Start of Block

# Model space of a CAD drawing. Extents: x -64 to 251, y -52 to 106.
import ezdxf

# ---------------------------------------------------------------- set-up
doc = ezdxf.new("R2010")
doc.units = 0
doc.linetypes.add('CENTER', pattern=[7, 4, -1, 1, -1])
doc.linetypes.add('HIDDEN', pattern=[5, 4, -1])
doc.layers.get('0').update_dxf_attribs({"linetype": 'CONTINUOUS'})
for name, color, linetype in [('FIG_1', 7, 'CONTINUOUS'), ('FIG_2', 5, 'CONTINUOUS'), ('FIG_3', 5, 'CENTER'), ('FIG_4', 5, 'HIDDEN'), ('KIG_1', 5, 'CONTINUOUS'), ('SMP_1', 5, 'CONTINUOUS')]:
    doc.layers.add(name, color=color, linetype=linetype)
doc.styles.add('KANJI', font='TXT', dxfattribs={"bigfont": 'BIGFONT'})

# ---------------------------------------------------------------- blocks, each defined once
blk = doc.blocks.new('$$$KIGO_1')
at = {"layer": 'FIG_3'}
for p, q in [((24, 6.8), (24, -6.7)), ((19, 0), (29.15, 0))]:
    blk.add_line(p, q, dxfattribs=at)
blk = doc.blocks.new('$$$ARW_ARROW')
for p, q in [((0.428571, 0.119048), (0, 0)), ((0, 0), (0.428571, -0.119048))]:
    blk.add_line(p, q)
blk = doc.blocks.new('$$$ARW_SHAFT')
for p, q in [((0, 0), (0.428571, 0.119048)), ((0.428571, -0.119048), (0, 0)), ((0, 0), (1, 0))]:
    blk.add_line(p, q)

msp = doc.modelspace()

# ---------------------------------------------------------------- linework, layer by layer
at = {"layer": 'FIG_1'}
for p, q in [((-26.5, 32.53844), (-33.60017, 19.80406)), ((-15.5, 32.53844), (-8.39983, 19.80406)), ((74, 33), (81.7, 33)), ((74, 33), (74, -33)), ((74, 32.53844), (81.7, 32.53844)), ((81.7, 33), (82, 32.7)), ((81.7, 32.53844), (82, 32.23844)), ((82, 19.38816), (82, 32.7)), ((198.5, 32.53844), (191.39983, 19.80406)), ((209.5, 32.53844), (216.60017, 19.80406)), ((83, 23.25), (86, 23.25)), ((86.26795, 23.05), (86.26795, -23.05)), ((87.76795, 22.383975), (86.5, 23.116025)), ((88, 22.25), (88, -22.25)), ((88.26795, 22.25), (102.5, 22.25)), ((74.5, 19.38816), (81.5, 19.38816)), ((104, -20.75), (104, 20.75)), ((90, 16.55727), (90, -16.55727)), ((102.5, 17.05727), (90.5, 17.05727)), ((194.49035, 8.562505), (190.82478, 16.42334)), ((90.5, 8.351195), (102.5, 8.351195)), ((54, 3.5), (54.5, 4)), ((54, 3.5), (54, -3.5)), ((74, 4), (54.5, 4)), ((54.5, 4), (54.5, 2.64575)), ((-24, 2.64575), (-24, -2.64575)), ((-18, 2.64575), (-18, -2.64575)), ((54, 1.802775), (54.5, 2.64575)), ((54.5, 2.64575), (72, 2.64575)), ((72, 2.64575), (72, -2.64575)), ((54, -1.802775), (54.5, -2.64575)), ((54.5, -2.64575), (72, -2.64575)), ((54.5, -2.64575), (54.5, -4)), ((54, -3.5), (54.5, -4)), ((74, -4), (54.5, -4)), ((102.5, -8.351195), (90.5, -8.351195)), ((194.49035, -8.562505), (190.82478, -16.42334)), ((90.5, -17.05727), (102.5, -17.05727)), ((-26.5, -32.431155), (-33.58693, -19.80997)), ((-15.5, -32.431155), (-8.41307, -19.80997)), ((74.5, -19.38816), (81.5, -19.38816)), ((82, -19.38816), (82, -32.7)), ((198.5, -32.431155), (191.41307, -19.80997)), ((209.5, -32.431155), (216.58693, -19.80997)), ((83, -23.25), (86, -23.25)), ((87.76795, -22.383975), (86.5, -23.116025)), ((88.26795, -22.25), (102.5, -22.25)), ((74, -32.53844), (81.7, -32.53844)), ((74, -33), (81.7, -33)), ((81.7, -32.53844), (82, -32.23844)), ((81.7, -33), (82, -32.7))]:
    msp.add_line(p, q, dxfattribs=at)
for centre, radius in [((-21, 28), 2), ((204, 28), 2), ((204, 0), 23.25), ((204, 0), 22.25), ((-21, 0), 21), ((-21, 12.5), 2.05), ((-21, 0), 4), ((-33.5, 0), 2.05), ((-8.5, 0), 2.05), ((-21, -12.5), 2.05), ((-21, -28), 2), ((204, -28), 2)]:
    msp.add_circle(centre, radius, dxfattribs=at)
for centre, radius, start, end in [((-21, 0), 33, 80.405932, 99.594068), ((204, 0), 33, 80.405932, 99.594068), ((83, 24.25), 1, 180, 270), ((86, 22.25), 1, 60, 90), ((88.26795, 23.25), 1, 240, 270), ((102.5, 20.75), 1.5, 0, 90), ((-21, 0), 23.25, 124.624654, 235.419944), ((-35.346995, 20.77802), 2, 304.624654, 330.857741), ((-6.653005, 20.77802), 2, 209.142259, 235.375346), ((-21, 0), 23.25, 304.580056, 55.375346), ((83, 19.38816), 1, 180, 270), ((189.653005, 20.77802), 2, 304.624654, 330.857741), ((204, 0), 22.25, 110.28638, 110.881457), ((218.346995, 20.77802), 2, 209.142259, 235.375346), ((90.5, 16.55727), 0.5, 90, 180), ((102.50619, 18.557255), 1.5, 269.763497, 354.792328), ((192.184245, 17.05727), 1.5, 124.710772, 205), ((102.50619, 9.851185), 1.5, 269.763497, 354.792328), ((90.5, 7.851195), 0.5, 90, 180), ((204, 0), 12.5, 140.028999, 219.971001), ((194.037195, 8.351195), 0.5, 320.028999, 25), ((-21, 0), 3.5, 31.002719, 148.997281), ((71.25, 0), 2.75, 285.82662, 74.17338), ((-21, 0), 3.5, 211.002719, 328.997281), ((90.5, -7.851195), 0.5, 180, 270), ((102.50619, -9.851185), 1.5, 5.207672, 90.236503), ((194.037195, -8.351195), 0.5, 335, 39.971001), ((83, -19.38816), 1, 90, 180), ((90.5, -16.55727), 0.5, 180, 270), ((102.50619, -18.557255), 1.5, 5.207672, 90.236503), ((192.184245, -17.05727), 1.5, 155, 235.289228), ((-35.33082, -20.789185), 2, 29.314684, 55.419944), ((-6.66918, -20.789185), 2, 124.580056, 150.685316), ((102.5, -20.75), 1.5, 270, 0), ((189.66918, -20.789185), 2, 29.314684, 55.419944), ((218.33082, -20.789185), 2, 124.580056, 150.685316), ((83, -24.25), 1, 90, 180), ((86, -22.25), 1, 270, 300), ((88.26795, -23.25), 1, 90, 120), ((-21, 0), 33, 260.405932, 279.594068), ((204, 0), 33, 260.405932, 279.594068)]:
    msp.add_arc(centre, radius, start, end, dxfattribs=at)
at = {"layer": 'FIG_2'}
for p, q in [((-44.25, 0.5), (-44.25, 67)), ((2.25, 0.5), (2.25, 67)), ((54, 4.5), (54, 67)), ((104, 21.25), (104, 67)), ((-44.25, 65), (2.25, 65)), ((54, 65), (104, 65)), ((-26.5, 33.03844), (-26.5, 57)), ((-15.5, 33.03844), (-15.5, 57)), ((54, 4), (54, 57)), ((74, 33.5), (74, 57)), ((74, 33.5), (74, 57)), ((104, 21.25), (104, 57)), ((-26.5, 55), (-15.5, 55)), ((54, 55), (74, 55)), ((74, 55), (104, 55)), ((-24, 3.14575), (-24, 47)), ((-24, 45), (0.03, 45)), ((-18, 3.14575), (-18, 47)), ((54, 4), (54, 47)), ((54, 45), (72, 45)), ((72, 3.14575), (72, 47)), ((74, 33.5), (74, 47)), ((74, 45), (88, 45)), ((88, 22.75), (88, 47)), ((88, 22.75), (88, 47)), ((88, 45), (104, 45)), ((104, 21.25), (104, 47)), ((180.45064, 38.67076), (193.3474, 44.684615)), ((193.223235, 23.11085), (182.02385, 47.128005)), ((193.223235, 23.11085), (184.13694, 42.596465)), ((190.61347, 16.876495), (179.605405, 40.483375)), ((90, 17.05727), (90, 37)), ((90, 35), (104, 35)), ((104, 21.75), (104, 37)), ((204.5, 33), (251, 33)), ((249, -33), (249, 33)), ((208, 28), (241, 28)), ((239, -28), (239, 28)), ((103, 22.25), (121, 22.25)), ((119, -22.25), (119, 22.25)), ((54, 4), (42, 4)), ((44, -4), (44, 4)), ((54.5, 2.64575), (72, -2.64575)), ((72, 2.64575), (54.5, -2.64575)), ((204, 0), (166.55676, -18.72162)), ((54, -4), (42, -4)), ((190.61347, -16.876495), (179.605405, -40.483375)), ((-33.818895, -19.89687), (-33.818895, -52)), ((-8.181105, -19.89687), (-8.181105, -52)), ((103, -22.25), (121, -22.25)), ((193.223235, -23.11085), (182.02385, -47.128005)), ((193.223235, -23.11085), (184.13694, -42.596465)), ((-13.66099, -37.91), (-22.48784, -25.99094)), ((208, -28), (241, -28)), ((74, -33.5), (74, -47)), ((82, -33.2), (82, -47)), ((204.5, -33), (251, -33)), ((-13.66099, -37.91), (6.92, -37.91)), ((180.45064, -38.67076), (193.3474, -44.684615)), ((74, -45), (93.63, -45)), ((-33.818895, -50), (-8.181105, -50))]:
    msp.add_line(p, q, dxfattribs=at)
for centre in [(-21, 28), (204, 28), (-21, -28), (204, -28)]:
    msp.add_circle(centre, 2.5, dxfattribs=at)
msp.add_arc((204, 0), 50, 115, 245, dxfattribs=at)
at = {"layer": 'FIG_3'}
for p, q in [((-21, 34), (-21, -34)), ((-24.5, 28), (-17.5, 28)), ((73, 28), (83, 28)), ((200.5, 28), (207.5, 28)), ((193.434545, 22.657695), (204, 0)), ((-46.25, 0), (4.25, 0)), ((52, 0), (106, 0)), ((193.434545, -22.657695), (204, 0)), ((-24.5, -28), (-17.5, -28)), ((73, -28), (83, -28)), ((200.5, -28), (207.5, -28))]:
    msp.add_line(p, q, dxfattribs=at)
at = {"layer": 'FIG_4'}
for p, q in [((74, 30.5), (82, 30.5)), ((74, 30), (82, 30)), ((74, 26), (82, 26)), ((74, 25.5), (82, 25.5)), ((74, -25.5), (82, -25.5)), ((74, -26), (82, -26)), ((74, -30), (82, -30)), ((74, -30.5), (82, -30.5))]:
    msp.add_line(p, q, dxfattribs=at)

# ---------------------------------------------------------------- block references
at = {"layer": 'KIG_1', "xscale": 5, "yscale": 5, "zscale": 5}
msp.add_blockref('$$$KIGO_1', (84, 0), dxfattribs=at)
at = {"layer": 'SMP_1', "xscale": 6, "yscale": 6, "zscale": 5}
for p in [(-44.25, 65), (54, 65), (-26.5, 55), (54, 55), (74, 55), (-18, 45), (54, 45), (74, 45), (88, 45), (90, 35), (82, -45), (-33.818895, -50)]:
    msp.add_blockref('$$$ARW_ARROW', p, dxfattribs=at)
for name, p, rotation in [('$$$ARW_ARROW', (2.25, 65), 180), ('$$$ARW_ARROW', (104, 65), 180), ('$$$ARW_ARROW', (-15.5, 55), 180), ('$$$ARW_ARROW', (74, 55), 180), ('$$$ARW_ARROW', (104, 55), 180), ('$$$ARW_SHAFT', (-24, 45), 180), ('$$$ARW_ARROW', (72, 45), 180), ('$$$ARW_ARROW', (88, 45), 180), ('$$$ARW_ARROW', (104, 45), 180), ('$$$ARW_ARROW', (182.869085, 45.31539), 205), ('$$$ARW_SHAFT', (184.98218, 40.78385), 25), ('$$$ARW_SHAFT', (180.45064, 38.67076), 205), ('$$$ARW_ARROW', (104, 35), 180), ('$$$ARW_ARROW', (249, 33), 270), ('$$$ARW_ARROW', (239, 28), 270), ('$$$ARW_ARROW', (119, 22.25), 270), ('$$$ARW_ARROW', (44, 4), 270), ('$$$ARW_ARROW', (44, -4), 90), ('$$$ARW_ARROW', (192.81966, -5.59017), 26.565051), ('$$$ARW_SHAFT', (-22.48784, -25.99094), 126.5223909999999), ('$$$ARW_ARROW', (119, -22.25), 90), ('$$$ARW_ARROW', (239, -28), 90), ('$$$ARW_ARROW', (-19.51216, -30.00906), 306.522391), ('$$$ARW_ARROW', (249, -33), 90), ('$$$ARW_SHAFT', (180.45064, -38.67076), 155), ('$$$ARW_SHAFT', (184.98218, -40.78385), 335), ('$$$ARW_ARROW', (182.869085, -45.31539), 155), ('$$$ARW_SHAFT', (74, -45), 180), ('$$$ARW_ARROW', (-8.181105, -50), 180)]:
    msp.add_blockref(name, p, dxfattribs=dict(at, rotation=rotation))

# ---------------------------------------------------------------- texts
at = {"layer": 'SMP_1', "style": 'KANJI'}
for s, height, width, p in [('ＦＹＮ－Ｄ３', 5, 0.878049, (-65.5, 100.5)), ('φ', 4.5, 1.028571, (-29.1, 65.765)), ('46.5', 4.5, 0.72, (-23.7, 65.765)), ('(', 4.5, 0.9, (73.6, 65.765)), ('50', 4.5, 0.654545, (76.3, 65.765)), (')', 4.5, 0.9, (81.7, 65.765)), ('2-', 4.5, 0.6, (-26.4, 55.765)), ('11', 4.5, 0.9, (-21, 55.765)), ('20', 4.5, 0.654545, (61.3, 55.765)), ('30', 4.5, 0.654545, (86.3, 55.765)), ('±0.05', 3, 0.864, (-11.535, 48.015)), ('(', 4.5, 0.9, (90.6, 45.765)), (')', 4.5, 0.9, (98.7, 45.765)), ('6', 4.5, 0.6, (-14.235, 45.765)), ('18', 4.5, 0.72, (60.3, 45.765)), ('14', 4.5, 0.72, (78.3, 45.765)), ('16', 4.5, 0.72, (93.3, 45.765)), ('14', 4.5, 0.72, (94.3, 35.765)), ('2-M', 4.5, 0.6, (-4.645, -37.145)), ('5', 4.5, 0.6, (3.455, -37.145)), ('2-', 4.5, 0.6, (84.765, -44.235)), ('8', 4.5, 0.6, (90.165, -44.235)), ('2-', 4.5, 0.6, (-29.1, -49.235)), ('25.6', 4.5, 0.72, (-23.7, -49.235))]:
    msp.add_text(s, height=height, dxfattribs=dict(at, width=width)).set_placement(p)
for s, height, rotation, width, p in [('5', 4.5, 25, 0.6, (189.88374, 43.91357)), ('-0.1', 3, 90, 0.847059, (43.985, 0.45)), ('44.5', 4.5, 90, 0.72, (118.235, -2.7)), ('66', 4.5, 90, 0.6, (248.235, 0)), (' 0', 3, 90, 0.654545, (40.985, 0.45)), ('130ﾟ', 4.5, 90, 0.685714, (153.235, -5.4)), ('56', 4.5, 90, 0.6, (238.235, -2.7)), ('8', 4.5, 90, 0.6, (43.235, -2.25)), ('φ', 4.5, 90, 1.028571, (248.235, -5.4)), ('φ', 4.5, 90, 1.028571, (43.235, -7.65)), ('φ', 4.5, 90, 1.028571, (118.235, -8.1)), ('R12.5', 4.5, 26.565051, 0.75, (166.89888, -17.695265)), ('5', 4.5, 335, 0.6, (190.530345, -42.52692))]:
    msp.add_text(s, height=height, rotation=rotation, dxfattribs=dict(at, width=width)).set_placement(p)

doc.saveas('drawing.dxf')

End of Block

- [Instructions to follow]
All lines containing "blocks" in the material above should appear in your reply, copied exactly.

- [Result for this task]
# ---------------------------------------------------------------- blocks, each defined once
blk = doc.blocks.new('$$$KIGO_1')
blk = doc.blocks.new('$$$ARW_ARROW')
blk = doc.blocks.new('$$$ARW_SHAFT')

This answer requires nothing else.